Modern Trangias have a gas onversion. You can also cut a hole for a Petrol stove (MSR type), I have and it's great, but the smaller Trangia is too small and the whole thing gets very hot.

Trangias are simple, reliable, nice to use and safe but s-l-o-o-o-w. Imitation Trangias are worse still,if you get one of these you are paying for the stand/heatshield and pans, dump the burner. Meths isn't cheap.

Petrol stoves are fastest, fuel is cheap, you can get it anywhere but the disadvantages are that things like MSRs are too dangerous to use in a tent unless you are VERY careful, they are a shoot to control, they stink and are filthy. They need servicing, I have one (an Internationale, will burn petrol, paraffin, diesel, you name it) that I need to service, it hasn't worked properly for about 2 years now. For melting snow they are the business, but I've seen a Trangia boil water in the time taken for an MSR to get cleaned out and running properly. I think they are suited to remote trekking where their robustness and high heat capacity is a winner. More complex petrol stoves are more controllable but a bit more choosy about fuel.

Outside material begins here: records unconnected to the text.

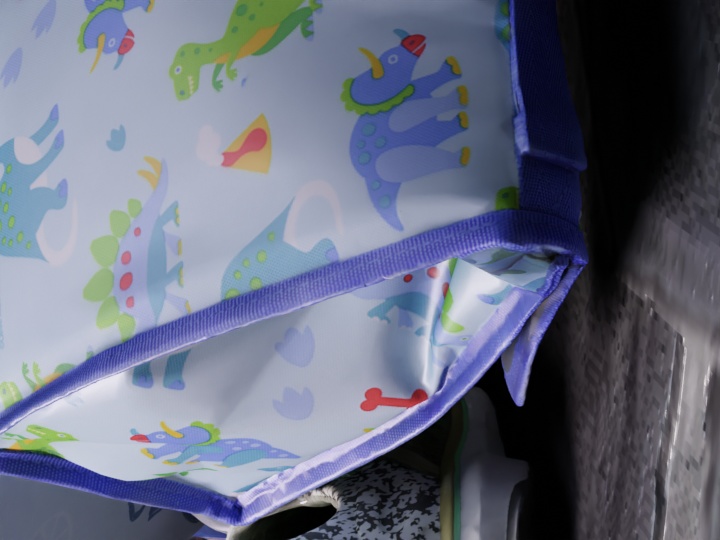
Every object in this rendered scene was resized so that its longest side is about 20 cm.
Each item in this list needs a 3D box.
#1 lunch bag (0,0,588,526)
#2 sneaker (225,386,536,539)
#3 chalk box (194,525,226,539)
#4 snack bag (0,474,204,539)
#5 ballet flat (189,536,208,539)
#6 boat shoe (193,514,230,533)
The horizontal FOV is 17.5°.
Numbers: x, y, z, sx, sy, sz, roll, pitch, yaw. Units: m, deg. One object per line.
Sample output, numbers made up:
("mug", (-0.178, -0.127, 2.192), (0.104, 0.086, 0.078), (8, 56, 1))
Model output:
("lunch bag", (-0.016, -0.042, 0.641), (0.200, 0.127, 0.171), (-34, 52, 45))
("sneaker", (0.002, 0.076, 0.739), (0.200, 0.088, 0.077), (-158, 72, -84))
("chalk box", (-0.084, 0.059, 0.989), (0.124, 0.199, 0.125), (125, 148, -77))
("snack bag", (-0.084, 0.049, 0.787), (0.200, 0.021, 0.189), (-47, -30, -46))
("ballet flat", (-0.039, 0.162, 0.820), (0.071, 0.069, 0.200), (-65, 33, 20))
("boat shoe", (0.000, 0.000, 0.819), (0.068, 0.071, 0.201), (6, -74, -67))
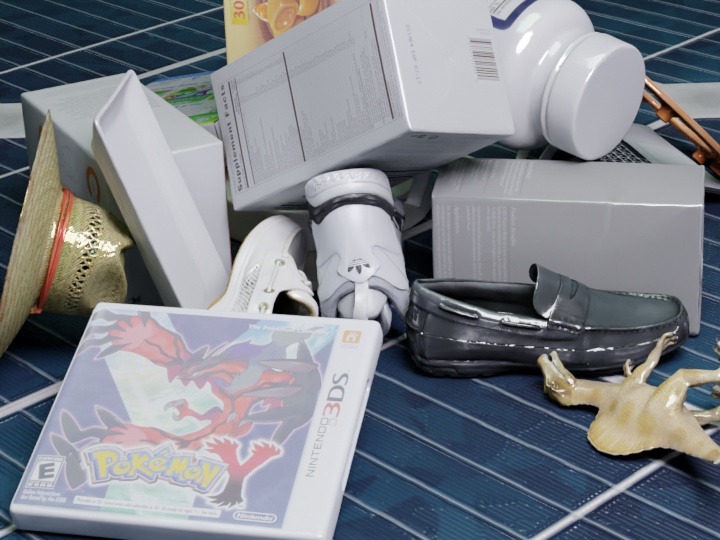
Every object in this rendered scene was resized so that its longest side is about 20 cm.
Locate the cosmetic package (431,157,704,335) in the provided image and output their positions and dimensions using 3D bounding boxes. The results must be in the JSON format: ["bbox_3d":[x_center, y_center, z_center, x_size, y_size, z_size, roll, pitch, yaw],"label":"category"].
[{"bbox_3d":[0.153,-0.020,1.277,0.198,0.108,0.090,3,25,8],"label":"cosmetic package"}]

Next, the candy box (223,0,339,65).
[{"bbox_3d":[-0.048,-0.170,1.414,0.114,0.202,0.055,3,24,11],"label":"candy box"}]

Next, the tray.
[{"bbox_3d":[-0.142,-0.034,1.242,0.022,0.201,0.108,-18,21,14],"label":"tray"}]

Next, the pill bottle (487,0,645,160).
[{"bbox_3d":[0.111,-0.160,1.329,0.199,0.121,0.119,29,38,35],"label":"pill bottle"}]

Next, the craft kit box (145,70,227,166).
[{"bbox_3d":[-0.155,-0.137,1.576,0.198,0.049,0.197,-4,18,32],"label":"craft kit box"}]

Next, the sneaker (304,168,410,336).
[{"bbox_3d":[0.000,0.000,1.289,0.074,0.116,0.200,-8,-11,3],"label":"sneaker"}]

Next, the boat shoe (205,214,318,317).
[{"bbox_3d":[-0.062,0.030,1.241,0.069,0.071,0.201,5,35,15],"label":"boat shoe"}]

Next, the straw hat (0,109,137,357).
[{"bbox_3d":[-0.202,-0.009,1.227,0.084,0.203,0.201,15,23,-10],"label":"straw hat"}]

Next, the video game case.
[{"bbox_3d":[-0.099,0.094,1.094,0.198,0.023,0.183,3,43,12],"label":"video game case"}]

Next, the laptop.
[{"bbox_3d":[0.209,-0.160,1.490,0.198,0.117,0.187,9,20,-18],"label":"laptop"}]

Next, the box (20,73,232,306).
[{"bbox_3d":[-0.187,-0.065,1.381,0.097,0.126,0.200,-14,28,-24],"label":"box"}]

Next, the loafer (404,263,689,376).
[{"bbox_3d":[0.130,0.031,1.210,0.198,0.071,0.068,-2,26,0],"label":"loafer"}]

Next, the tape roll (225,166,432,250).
[{"bbox_3d":[-0.037,-0.074,1.491,0.201,0.037,0.203,-2,26,1],"label":"tape roll"}]

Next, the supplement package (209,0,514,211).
[{"bbox_3d":[-0.003,-0.123,1.276,0.109,0.115,0.199,-2,-13,-43],"label":"supplement package"}]

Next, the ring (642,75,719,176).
[{"bbox_3d":[0.249,-0.142,1.489,0.019,0.200,0.201,-47,28,7],"label":"ring"}]

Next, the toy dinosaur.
[{"bbox_3d":[0.197,0.092,1.117,0.101,0.059,0.200,-31,27,-20],"label":"toy dinosaur"}]

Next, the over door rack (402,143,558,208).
[{"bbox_3d":[0.100,-0.094,1.426,0.146,0.067,0.200,17,21,-14],"label":"over door rack"}]
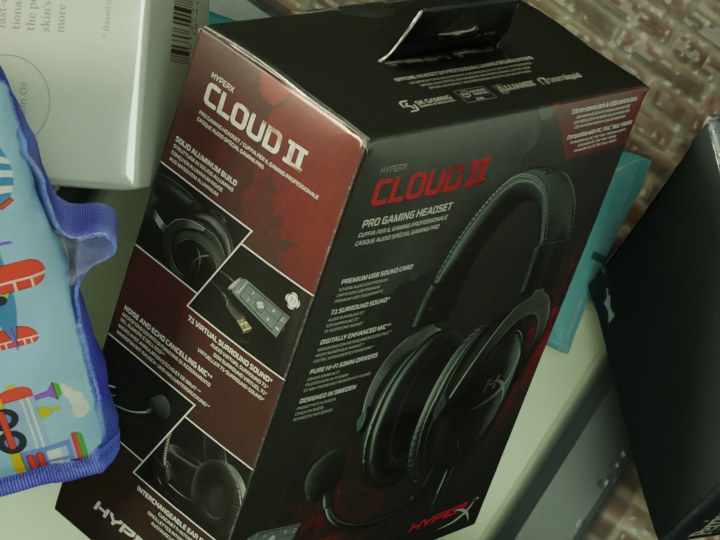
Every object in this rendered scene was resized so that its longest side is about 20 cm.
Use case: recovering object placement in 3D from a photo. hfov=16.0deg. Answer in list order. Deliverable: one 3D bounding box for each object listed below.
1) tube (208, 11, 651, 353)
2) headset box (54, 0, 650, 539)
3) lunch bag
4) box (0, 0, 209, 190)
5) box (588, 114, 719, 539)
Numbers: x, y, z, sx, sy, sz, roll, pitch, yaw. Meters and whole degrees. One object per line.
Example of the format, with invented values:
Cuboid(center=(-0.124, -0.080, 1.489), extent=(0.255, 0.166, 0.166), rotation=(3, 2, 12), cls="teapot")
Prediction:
Cuboid(center=(0.005, -0.040, 0.917), extent=(0.199, 0.050, 0.078), rotation=(22, 99, -17), cls="tube")
Cuboid(center=(0.000, 0.000, 0.828), extent=(0.148, 0.077, 0.201), rotation=(-14, 132, -49), cls="headset box")
Cuboid(center=(-0.168, 0.006, 0.770), extent=(0.199, 0.094, 0.151), rotation=(-10, 122, 5), cls="lunch bag")
Cuboid(center=(-0.153, -0.096, 0.825), extent=(0.199, 0.097, 0.125), rotation=(6, 94, 7), cls="box")
Cuboid(center=(0.201, 0.011, 0.884), extent=(0.199, 0.149, 0.108), rotation=(-8, 71, -13), cls="box")
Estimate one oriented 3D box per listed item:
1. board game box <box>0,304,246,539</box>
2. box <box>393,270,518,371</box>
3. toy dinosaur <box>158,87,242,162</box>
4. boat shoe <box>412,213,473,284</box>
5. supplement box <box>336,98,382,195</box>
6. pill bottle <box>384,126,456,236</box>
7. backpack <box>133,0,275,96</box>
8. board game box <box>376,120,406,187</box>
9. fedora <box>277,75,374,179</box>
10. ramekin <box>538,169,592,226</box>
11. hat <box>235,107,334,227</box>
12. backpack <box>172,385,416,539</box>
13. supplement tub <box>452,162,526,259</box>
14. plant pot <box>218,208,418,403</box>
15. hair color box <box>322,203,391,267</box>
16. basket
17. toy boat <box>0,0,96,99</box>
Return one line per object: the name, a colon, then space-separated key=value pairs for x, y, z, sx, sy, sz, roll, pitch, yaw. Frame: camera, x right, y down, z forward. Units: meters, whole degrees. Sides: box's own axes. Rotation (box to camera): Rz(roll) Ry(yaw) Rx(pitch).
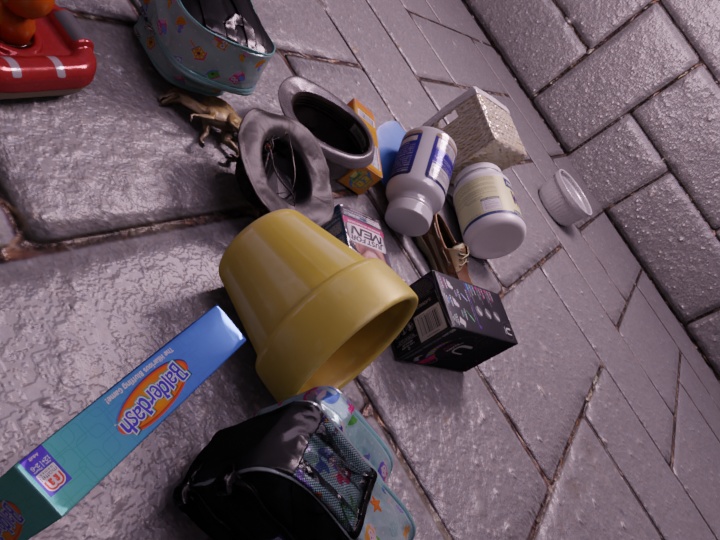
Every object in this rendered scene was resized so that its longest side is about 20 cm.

Gas stoves are great, I have a couple, clean, reliable, easy, fuel a bit pricey and not available otside Europe. As regards French idiosyncrasies, the Camping Gaz bleuet (with the pierce top) came first, Epigaz type screw valves are a recent thing. They are better though as when they are half empty you can change them for a new one and extra heat. Butane doesn't like cold weather, you need a pro/bu mix.

Don't try taking ANY liquid fuel on a flight, you'll get shot. Any liquid fuel stove or bottle must be spotless and dry before flying.

I travel with a solid fuel stove as a backup. They weigh very little, they are dirt cheap and bulletproof. The Army use them as even the thickest squaddie can work out how to get one lit and boil up water for a hot meal or a tea. For an extended trek they are near useless, the fuel doesn't last long and works out expensive. That said, when you've just got off a plane, you have no petrol or meths and you want a brew, they do a job. 

I wouldn't want to use any camp stove that relied on twigs as fuel in the UK. It's just too wet. Spain, California, sure. Dry sticks in every hedge bottom. England? Yeah, right.

Enough of the blather, what do I *use*? An Epigas Alpine gas stove with an MSR ally heat shield. Trangia pans and kettle. Petrol stove when I'm in the sticks and/or need serious heat to melt snow. Crappy solid fuel job when all else fails or to light the BBQ.


----------



## andrew_s (25 Aug 2010)

Ticktockmy said:


> > There's no need for a second burner. When there's any sgn of the fuel running out in the burner; remove the pan, extinguish the flame with snuffer lid, remove the snuffer lid, carefully refill the burner then relight and replace the pan. The evaporation of some of the meths combined with the conduction of heat from the burner by the colder liquid meths renders the operation safe.
> 
> 
> Bad practice that, I saw someone do that, thought the flame was out as he could not see it, in went the new fuel and up he went and his tent also, a very nasty experiance for him and the rest of us.


It's probably safest to remove the burner from the windshield/support before refilling it. 
That way, if it's still alight you'll burn your fingers rather than set the tent on fire.


----------



## zacklaws (25 Aug 2010)

Ticktockmy said:


> Bad practice that, I saw someone do that, thought the flame was out as he could not see it, in went the new fuel and up he went and his tent also, a very nasty experiance for him and the rest of us.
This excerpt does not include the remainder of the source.